James Conca writes:
So how should we use those taxes?Probably the most effective use of a carbon tax is for developing climate preparedness. Strengthening those agencies and infrastructure that can best help us withstand, and recover from, the worst effects of a changing climate is the first and best use of such a tax. Agencies such as FEMA, NOAA, NASA, CDC, NIH, EPA, FDA and the U.S. Coast Guard should have their budgets dramatically increased. FEMA’s budget could go from $13 billion to $50 billion. NOAA’s could quadruple to $20 billion. All of these agencies could increase significantly without other appropriations if we had even a minimal carbon tax.
These are all of the people you suddenly need right after something like Hurricane Sandy makes landfall. And these are not big numbers. These budgets are easily covered by any reasonable carbon tax. In fact, a tax of this magnitude could also provide most of the research dollars needed to develop:
• specific agricultural crops that are hardier in the face of all climate changes,
• secured and newly developed water resources,
• better city planning to address regional climate risks,
• emplacement of dykes and barriers that work (see Rhode Island’s Hurricane Barrier that protects that State’s capitol city),
• back-up power systems to critical infrastructure that are hardened, redundant or sited to withstand climate risks, particularly flooding,
• building sustainable and disaster-resilient hospitals, energy systems and schools, and
• steady, long-term movement of human settlements to higher ground.
Some of this revenue could go to increasing loan guarantee funds to low-carbon energy systems. Not as tax breaks. Loan guarantees work best if the technology is sound and cost-effective but just need a little up-front capital to get started or some time to work out kinks.

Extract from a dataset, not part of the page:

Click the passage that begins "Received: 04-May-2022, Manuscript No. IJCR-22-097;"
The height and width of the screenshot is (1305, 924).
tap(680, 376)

If tax credits exist, they are given even if the technologies are not cost-effective.
One very bad idea is to use these tax revenues to reimburse rate payers so they don’t feel the pain as much. Feeling the pain is what this is all about. No one makes radical changes in lifestyle or society without feeling some pain. But if the solutions are truly market-based, then the consumer is well-represented. If it’s just mandates and tax credits, the consumer suffers and ideology and trendy technologies dictate our future.

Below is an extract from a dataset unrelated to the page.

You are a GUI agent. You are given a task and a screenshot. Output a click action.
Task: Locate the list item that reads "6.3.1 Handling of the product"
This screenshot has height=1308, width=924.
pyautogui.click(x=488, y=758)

1. First, foremost, always: human production of CO2 is negligible as a climate forcing or weather influence. Any policy based on the AGW concept is foolish, wicked, or likely both.
2. Some of what the writer suggests is useful but it should be funded from the private sector (adaptable seeds and crops) or from normal, usually state resources (the Hurricane Barrier). There are elements of public good in disaster preparedness and mitigation and a legitimate role for taxes in such limited roles.
3. People are taxed too much as it is. Governments need to stick with their proper tasks: rule of law, limited roles in infrastructure, public safety, national security. Governments have little role in charity or healthcare, or rather should have almost no role in charity or healthcare.
Wasn’t this always the plan. Most of these things are handled by private industry anway. If it get dryer I am sure Monsanto isn’t going to sit there with worthless seed product.
Yeah. If you give NOAA 4X the money, they will produce 4X the weather forecasts . . . wait . . . what?
How about no carbon taxes and the rent seekers actually work for a living.